**PROBLEM REQUIREMENTS:** Reproduce exactly, and only, the lines below from the one containing "Horizontal angle of" through the one containing "1) person [488,590,547,694]".

**EXTRACTED MATERIAL:**
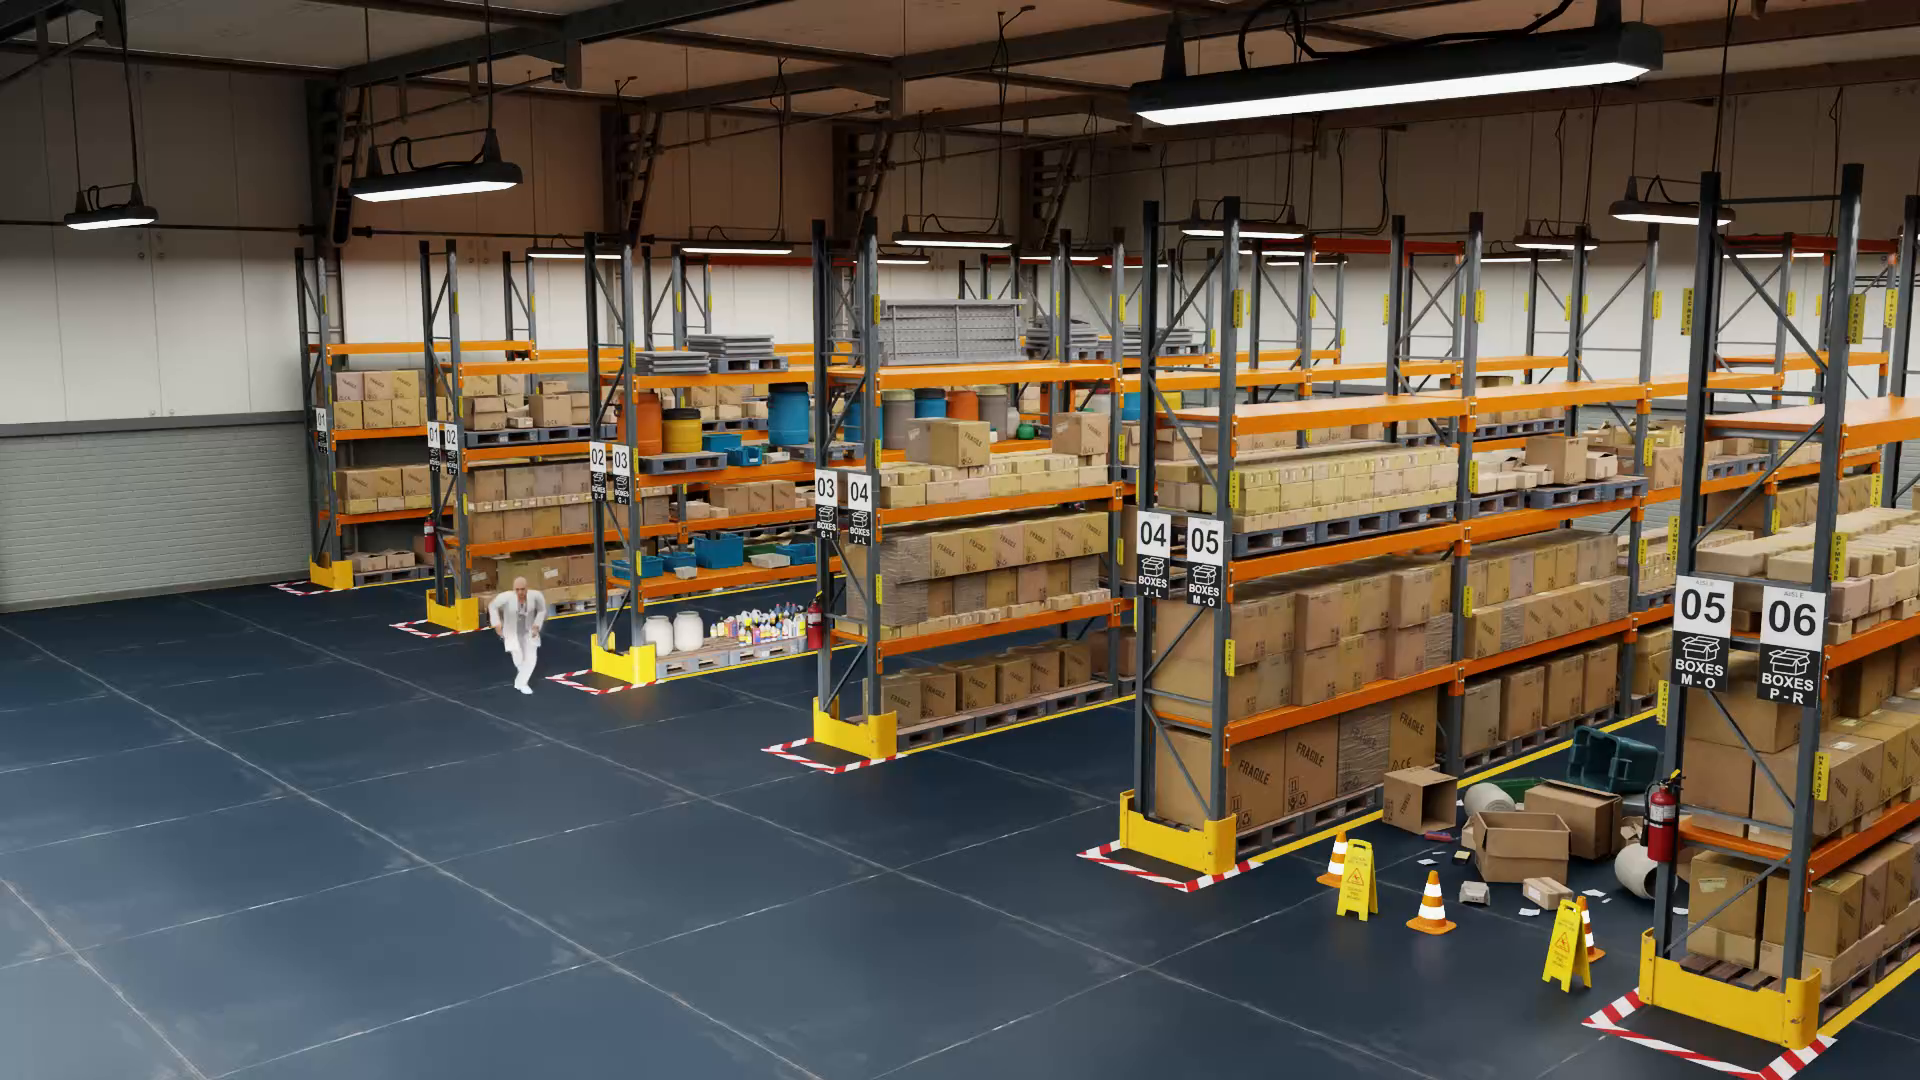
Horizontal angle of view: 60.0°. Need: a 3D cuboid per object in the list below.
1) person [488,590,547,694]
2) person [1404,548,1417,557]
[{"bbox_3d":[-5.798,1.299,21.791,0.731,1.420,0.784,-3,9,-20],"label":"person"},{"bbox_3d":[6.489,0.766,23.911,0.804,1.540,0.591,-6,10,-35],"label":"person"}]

==

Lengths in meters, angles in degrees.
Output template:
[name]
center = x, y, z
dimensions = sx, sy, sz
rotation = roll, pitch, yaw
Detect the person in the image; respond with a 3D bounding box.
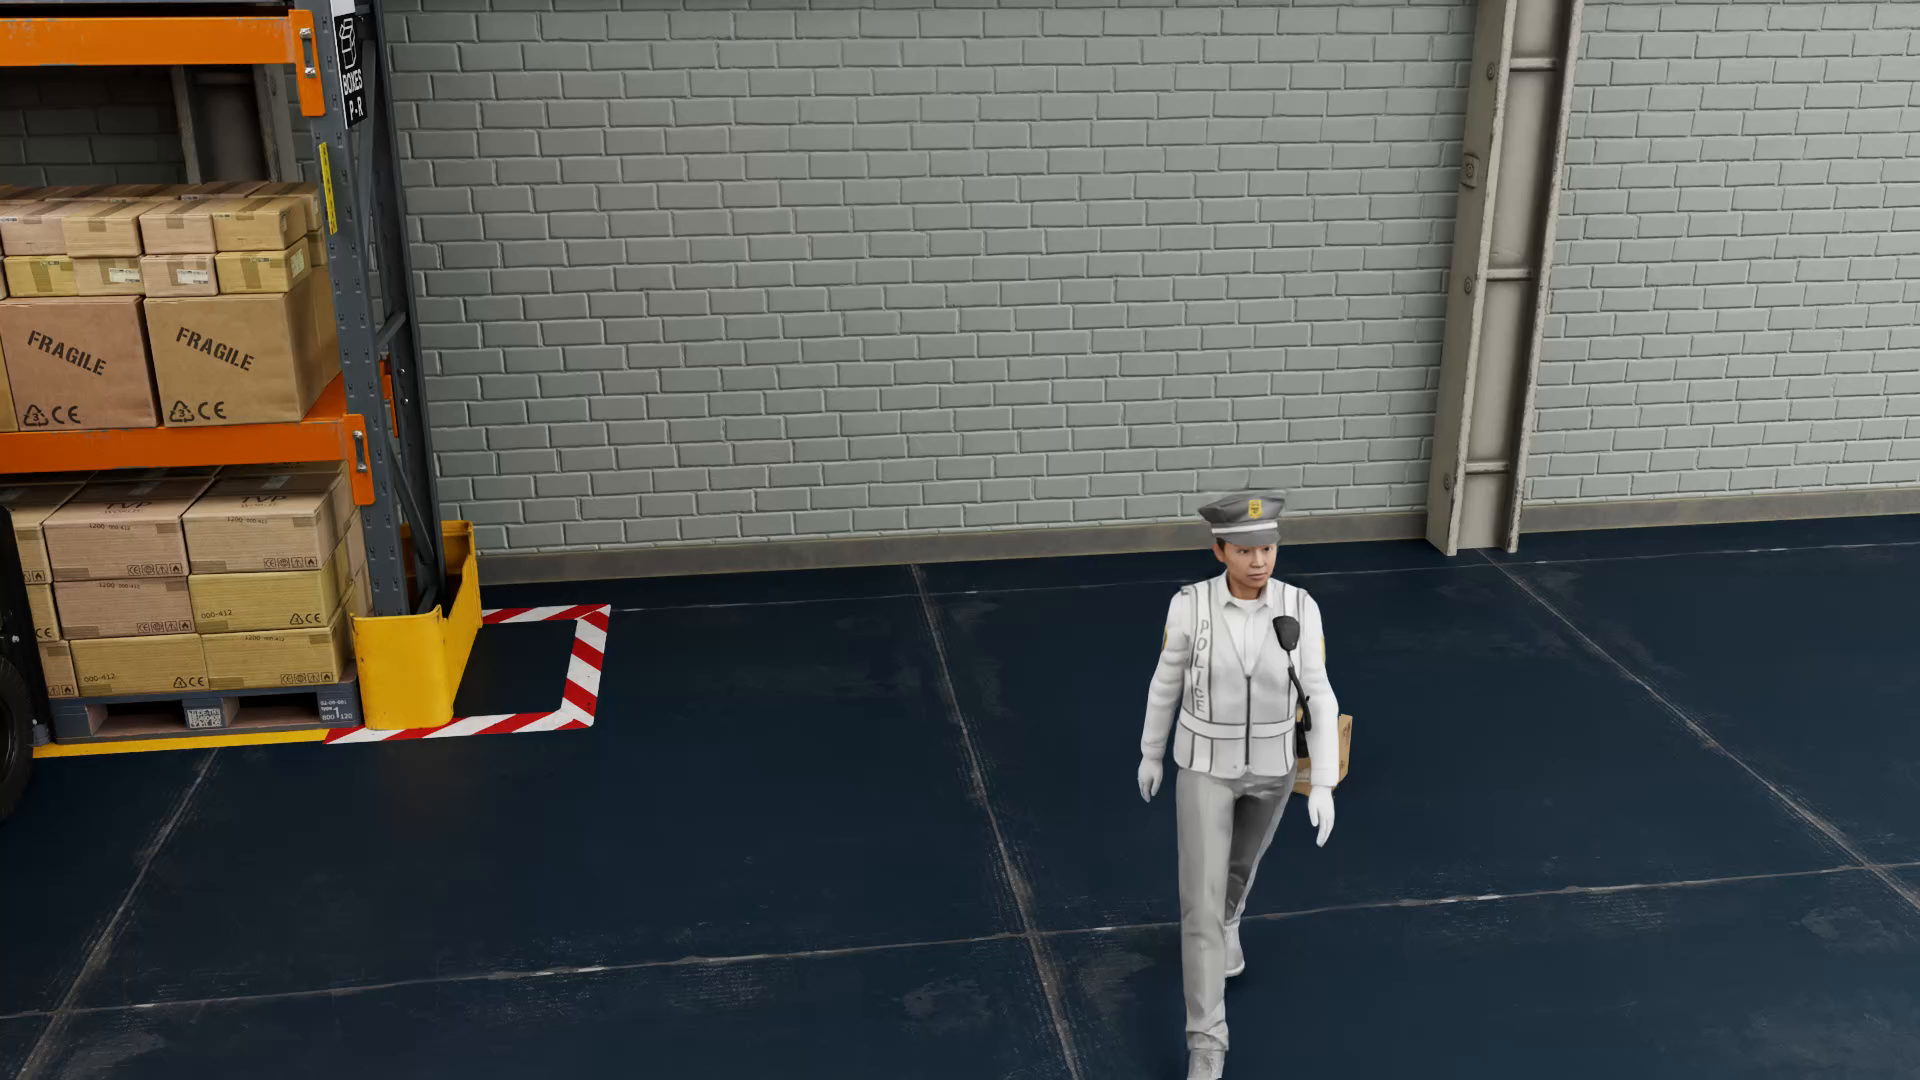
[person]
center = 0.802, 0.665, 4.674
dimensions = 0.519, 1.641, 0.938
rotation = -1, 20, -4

**TASK RESULT:**
Horizontal angle of view: 60.0°. Need: a 3D cuboid per object in the list below.
1) person [488,590,547,694]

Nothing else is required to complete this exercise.